My poem got to a truth that I couldn’t even admit to myself until now, when I wrote the poem. It’s not just inspiration. I know I keep saying that, but it’s true. This was more than that. This was urgent, almost like an incantation or a prayer. This was a revelation. This was an answer I didn’t even know I’d been asking in my work these last few months. In The Magicians, it’s understood that magic, the strongest magic, comes from pain, that tragedy actually leads to a stronger, more disciplined magician.
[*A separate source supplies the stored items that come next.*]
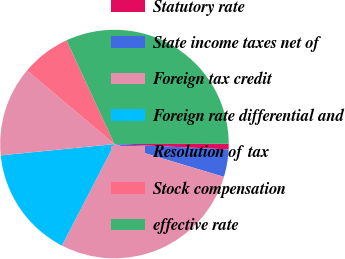Convert chart. <chart><loc_0><loc_0><loc_500><loc_500><pie_chart><fcel>Statutory rate<fcel>State income taxes net of<fcel>Foreign tax credit<fcel>Foreign rate differential and<fcel>Resolution of tax<fcel>Stock compensation<fcel>effective rate<nl><fcel>0.78%<fcel>3.89%<fcel>27.97%<fcel>15.82%<fcel>12.72%<fcel>6.99%<fcel>31.84%<nl></chart> 
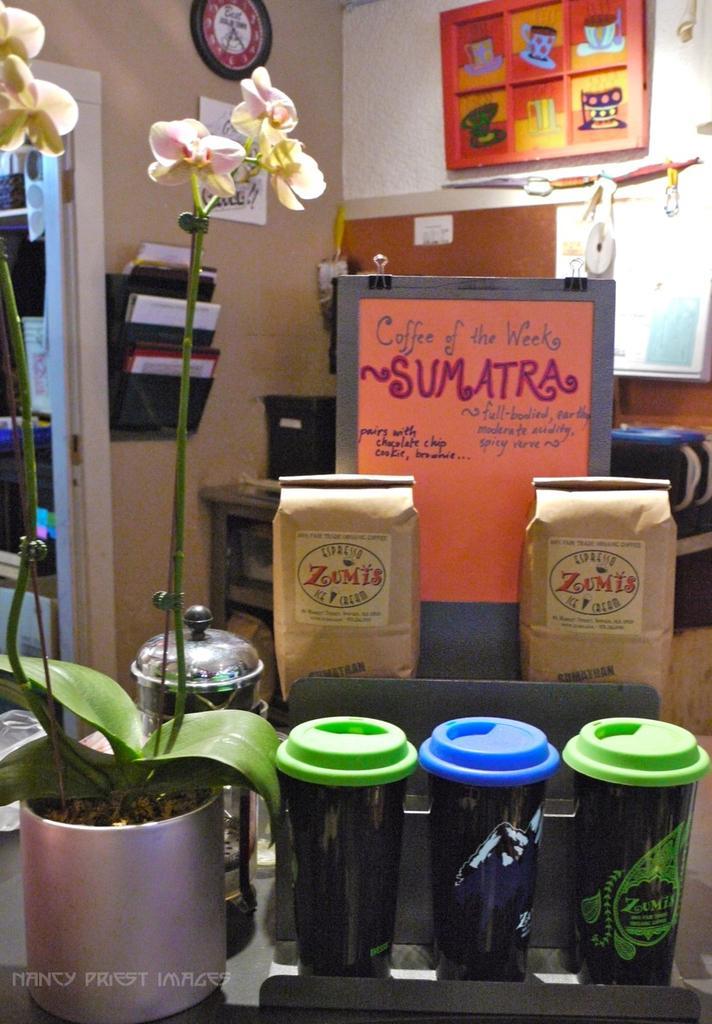Could you give a brief overview of what you see in this image? In the picture we can see a desk with a plant and long stem with flowers to it and beside it, we can see three things which are black in color and behind it, we can see two coffee packets and a board with some information about the coffee and in the background, we can see a wall with the clock, some posters and a board with some posters on it and beside the wall we can see another room door frame. 
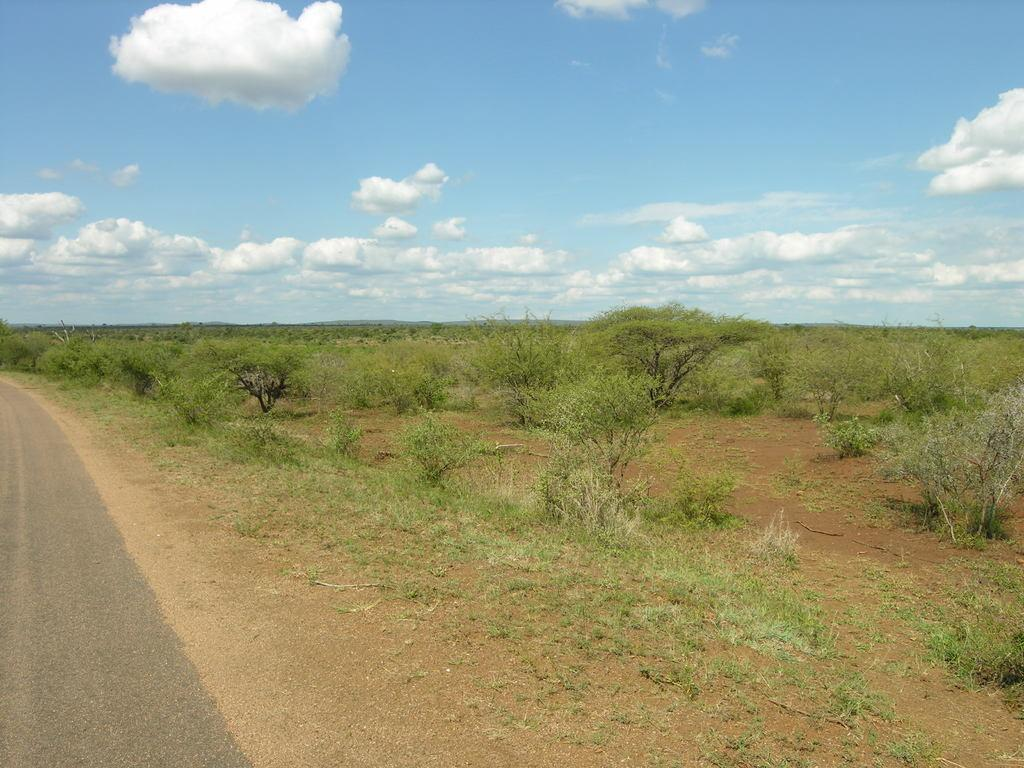What type of vegetation can be seen in the image? There are trees in the image. What else can be seen on the ground in the image? There is grass in the image. What is located on the left side of the image? There is a road on the left side of the image. What is visible at the top of the image? The sky is visible at the top of the image. What can be seen in the sky in the image? Clouds are present in the sky. What type of sack can be seen hanging from the trees in the image? There is no sack present in the image; it only features trees, grass, a road, the sky, and clouds. What type of lace is used to decorate the grass in the image? There is no lace present in the image; the grass is not decorated with any lace. 
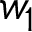Convert formula to latex. <formula><loc_0><loc_0><loc_500><loc_500>w _ { 1 }</formula>

This is how I see my writing. I only found my way back to poetry because of my miscarriages. I went back to school and got my undergraduate degree because I found my way back to poetry. I went to grad school because I went back to undergrad. And I found my way back to poetry a second time when I went through my divorce. The pains of my life, the losses, the betrayals that have cut me deep and left me confused, the lies that have been told about me, have all shaped me into the courageous, compassionate, caring person I am. I didn’t ask to be made strong, but my life demanded it. It was either give in or stand up. So I made myself into someone who breathes fire.
I still have wounds. A lot of them. Trauma doesn’t go away, not even after transformation. Time and therapy and confronting my fears and unlearning the bullshit people have manipulated me into believing about myself is how I’ll heal from these wounds. Writing helps. It always helps. And tonight, I don’t know how, really, or even why, but I found more magic in this body. I found it kind of at the moment I needed it most.
I am grateful for so much in my life right now, and I’m scared shitless because I know that just on the other side of this ledge is a big expanse of air and space that I’ve never seen before and I don’t know what’s coming, I can’t predict my future, but I now hold a morsel of knowledge I didn’t have before, and that’s big. That’s the smallest thing, I know, but it’s the biggest magic (paraphrased from The Magicians). And I’m gonna do something great with it.
Have you tried lemon balm for anxiety? I have Epstein-Barr virus, and it has caused a great deal of havoc in my body – it irritates nerves within me. I use Vimergy lemon balm as it’s a a very good brand and it works well without things like alcohol in it.
I haven’t, but I’ll look onto it. Thanks!
A great story that stirred something within me too. Now I feel like I have to go write more. Wishing you all the best and here’s to doing great things!
I’m glad this post inspired you! What do you usually write? Fiction? Poetry? Nonfiction?
I’m on a fiction run right now, mostly sci-fi (cyberpunk, in particular). Just finished my third manuscript and am going on my fourth!
That’s awesome!! I love sci-fi. I have a manuscript of my own that’s as yet unfinished and needs a major overhaul. A fourth manuscript – that’s really great! Keep up the good work!